With Manon Lescaut Puccini’s genius caught fire. After the near-failure of Edgar, he resolutely tackled the problem of drama in music postulated by Wagner, combining the technique of the leitmotif with the Italian concept of the dramma in musica, in which melody was the main support. In the first act of Manon Lescaut Puccini went beyond the limits of the genre, skilfully adapting symphonic structures to the demand of the action. The thematic material used in the opera sets up a network of relationships, linking characters to real situations and emotions, with the result that the music often plays a dominant part, freeing itself from the requirements of the narrative to suggest sophisticated symbolic associations. A good example of such flexibility is the name-theme (‘Manon Lescaut mi chiamo’), first heard when Manon’s carriage arrives in Amiens in Act 1. Puccini took this theme and varied it like a leitmotif, repeating it at key moments of the action, almost as if it contained in essence the heroine’s own future and that of her lover. The precision with which Puccini links tonality to the articulation of recurrent themes and melodies further reveals his deliberate dramatic intentions.

Puccini generally delineated from the opening bars of his operas the atmosphere in which the action was to develop. In Manon Lescaut he sketched the historical local colour of the 18th century, particularly its lecherous and hypocritical aspects. The opening theme of the opera is drawn from his own three minuets for string quartet (1884), and suggests the musical style of the period. In the first part of the second act, the life of the boudoir is depicted: the gallantry of the courtiers is contrasted effectively with the combination of passion and corruptibility that dominates the lovers’ duet.

In the opera’s devastating conclusion, in the desert of Louisiana, the composer emphasizes the central theme – love understood as a ‘curse’ and a passion of despair – by introducing his first example of ‘music remembered’, as he was to do in an equally unforgettable way on the deaths of Mimì, Butterfly and Angelica. Themes already heard follow each other, integrating the past with the present. Such restriction in thematic invention produces a compact poetic unity to the opera. The music has no need to describe anything because all that happens is the logical result of what we have already seen.
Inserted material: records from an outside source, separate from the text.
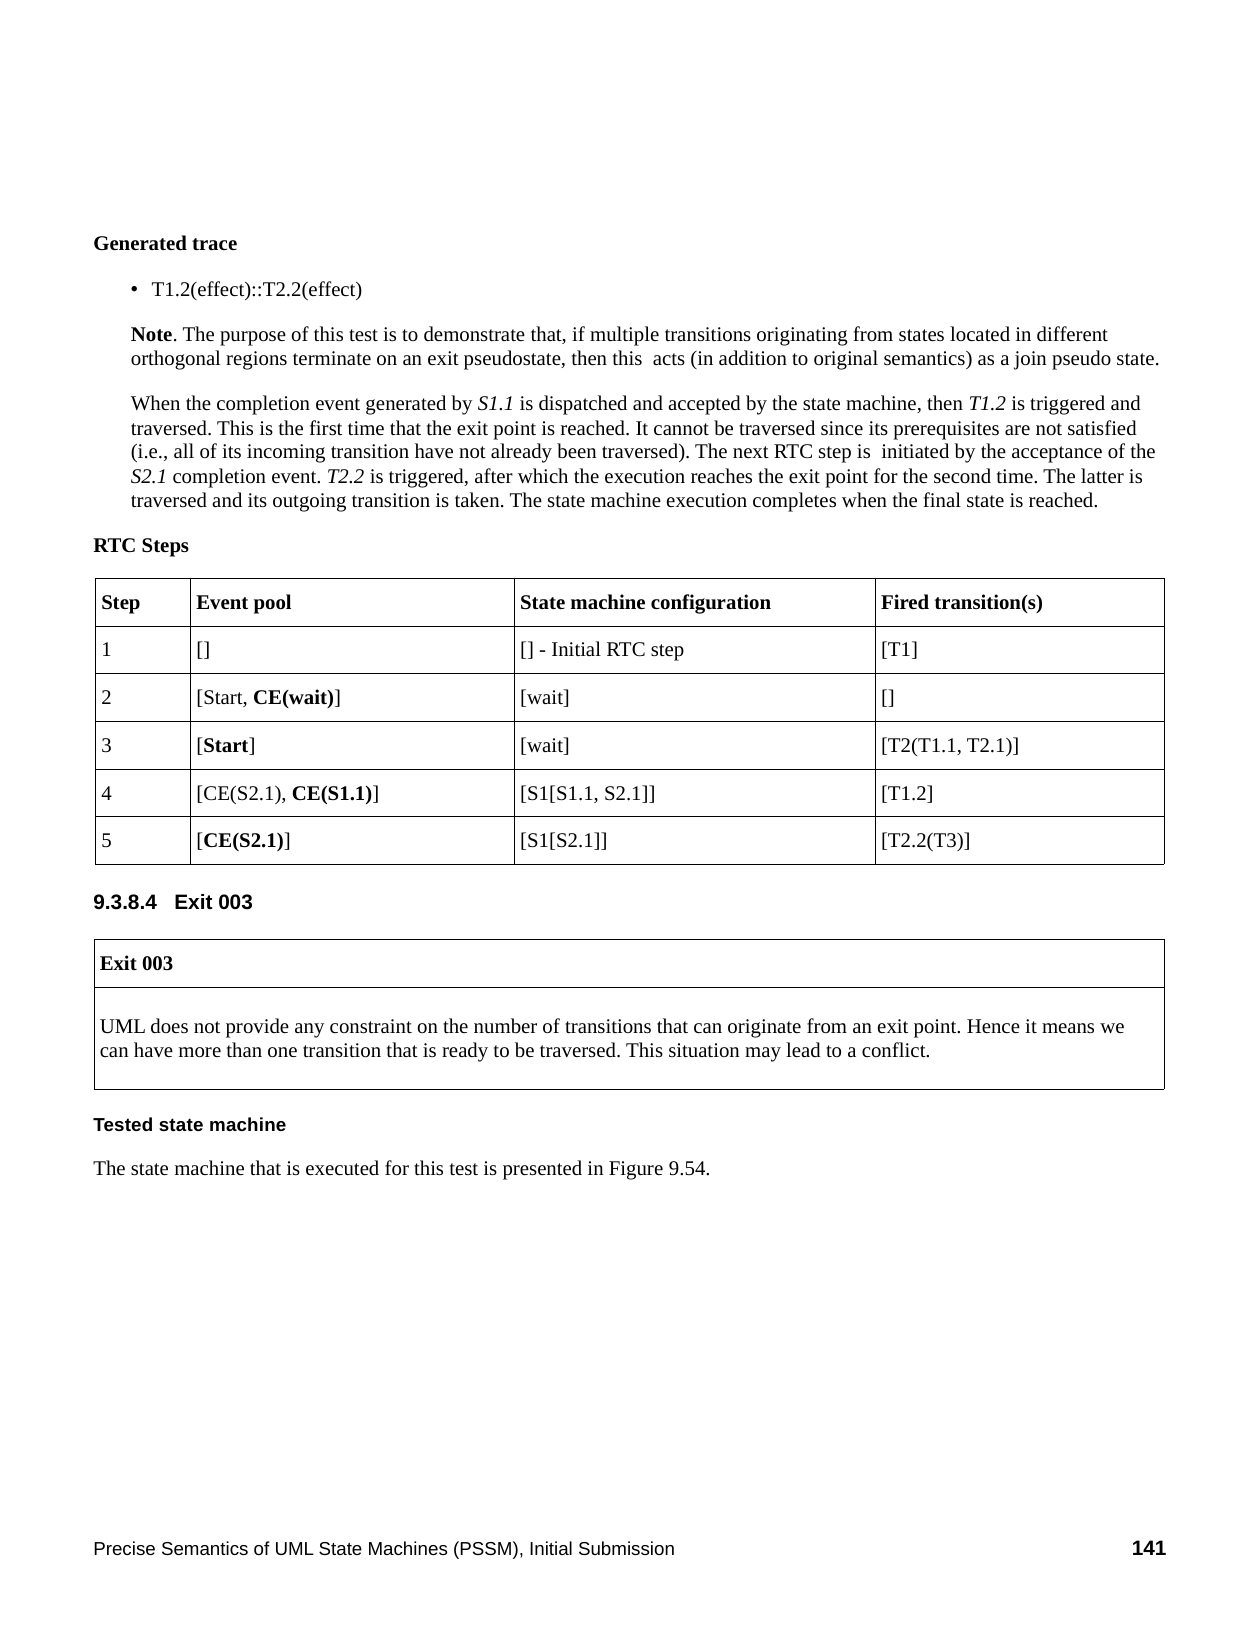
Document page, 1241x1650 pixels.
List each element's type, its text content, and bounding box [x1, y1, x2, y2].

table_cell [T1] [876, 627, 1164, 673]
table_header State machine configuration [515, 579, 875, 626]
subtitle Exit 003 [93, 889, 1164, 914]
table_cell 1 [96, 627, 190, 673]
table_cell 4 [96, 770, 190, 816]
table_cell [] [876, 674, 1164, 721]
text The state machine that is executed for this test is presented in Figure 9.54. [93, 1156, 1164, 1180]
text Note. The purpose of this test is to demonstrate that, if multiple transitions originating from states located in different orthogonal regions terminate on an exit pseudostate, then this acts (in addition to original semantics) as a join pseudo state. [131, 322, 1164, 370]
table_header Event pool [191, 579, 514, 626]
table_cell [S1[S1.1, S2.1]] [515, 770, 875, 816]
table_cell [Start, CE(wait)] [191, 674, 514, 721]
table_cell 5 [96, 817, 190, 864]
table_cell [T2(T1.1, T2.1)] [876, 722, 1164, 769]
table_cell [] [191, 627, 514, 673]
table_cell [Start] [191, 722, 514, 769]
list T1.2(effect)::T2.2(effect) [131, 276, 1164, 301]
text When the completion event generated by S1.1 is dispatched and accepted by the state machine, then T1.2 is triggered and traversed. This is the first time that the exit point is reached. It cannot be traversed since its prerequisites are not satisfied (i.e., all of its incoming transition have not already been traversed). The next RTC step is initiated by the acceptance of the S2.1 completion event. T2.2 is triggered, after which the execution reaches the exit point for the second time. The latter is traversed and its outgoing transition is taken. The state machine execution completes when the final state is reached. [131, 391, 1164, 512]
table_cell [T2.2(T3)] [876, 817, 1164, 864]
table_cell 3 [96, 722, 190, 769]
table_cell [wait] [515, 674, 875, 721]
table_cell [S1[S2.1]] [515, 817, 875, 864]
table_cell [CE(S2.1), CE(S1.1)] [191, 770, 514, 816]
table_cell [] - Initial RTC step [515, 627, 875, 673]
table_cell [T1.2] [876, 770, 1164, 816]
table_cell 2 [96, 674, 190, 721]
table_cell UML does not provide any constraint on the number of transitions that can originate from an exit point. Hence it means we can have more than one transition that is ready to be traversed. This situation may lead to a conflict. [95, 988, 1164, 1089]
table_header Fired transition(s) [876, 579, 1164, 626]
text Generated trace [93, 231, 1164, 255]
table_cell [wait] [515, 722, 875, 769]
text RTC Steps [93, 533, 1164, 557]
table_cell [CE(S2.1)] [191, 817, 514, 864]
table_header Step [96, 579, 190, 626]
subtitle Tested state machine [93, 1114, 1164, 1135]
table_header Exit 003 [95, 940, 1164, 987]

The end of Manon is the inevitable consequence of her way of life and is thus a metaphor for love, just as the desperation of Des Grieux is not his alone but that of the entire audience who witness the death.
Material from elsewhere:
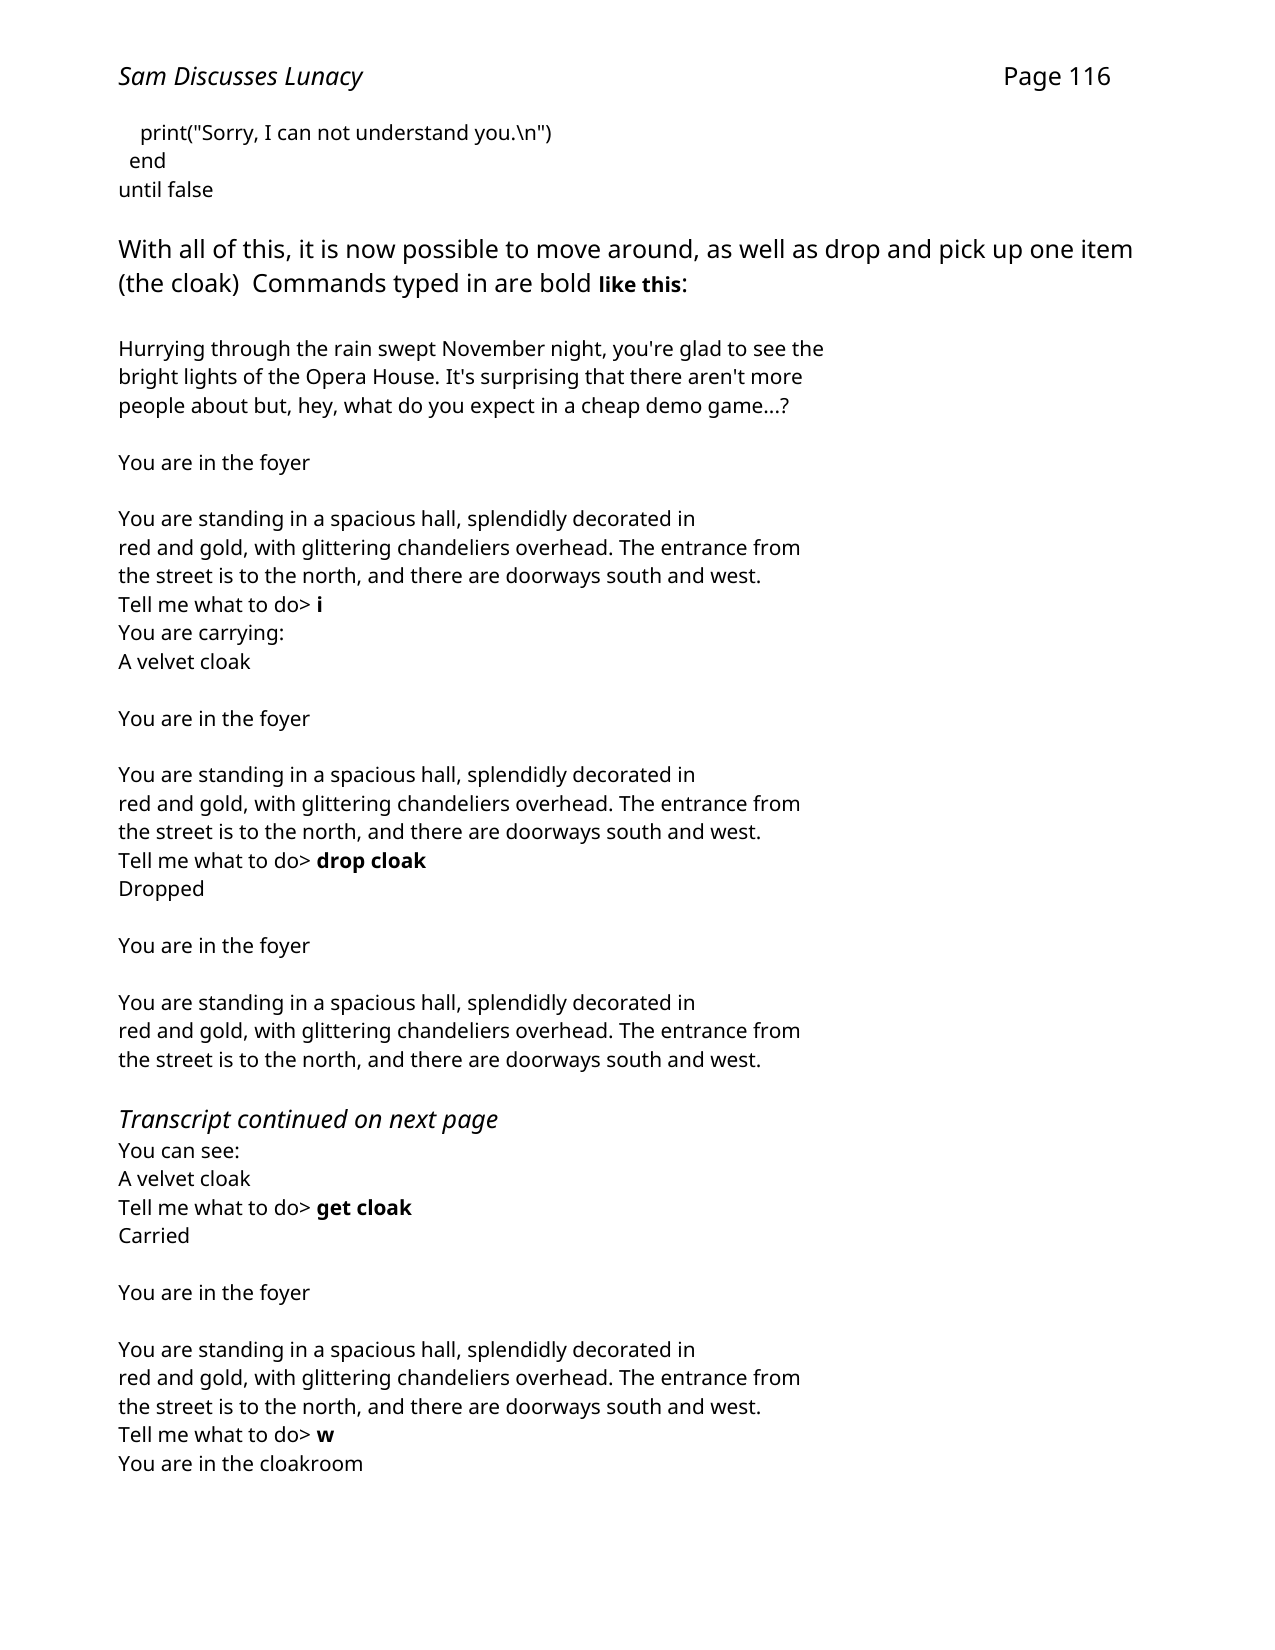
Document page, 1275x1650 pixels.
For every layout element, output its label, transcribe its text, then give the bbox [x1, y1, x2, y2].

A masterpiece of late Romanticism, the fourth act of Manon Lescaut brings to mind the endings of Don Carlos and Aida. At the same time it makes evident the enormous difference separating it from the melodramme of Verdi, in which death was the only option for characters prevented from realizing their legitimate earthly aspirations. ‘I do not want to die’, Manon cries in her isolation. Until the end, the lovers look for impossible ways of escape, because the only certainty is life. Such values, desperate and sensual, belong to the restless fin-de-siècle. With Manon Lescaut, Puccini’s financial problems came to an end.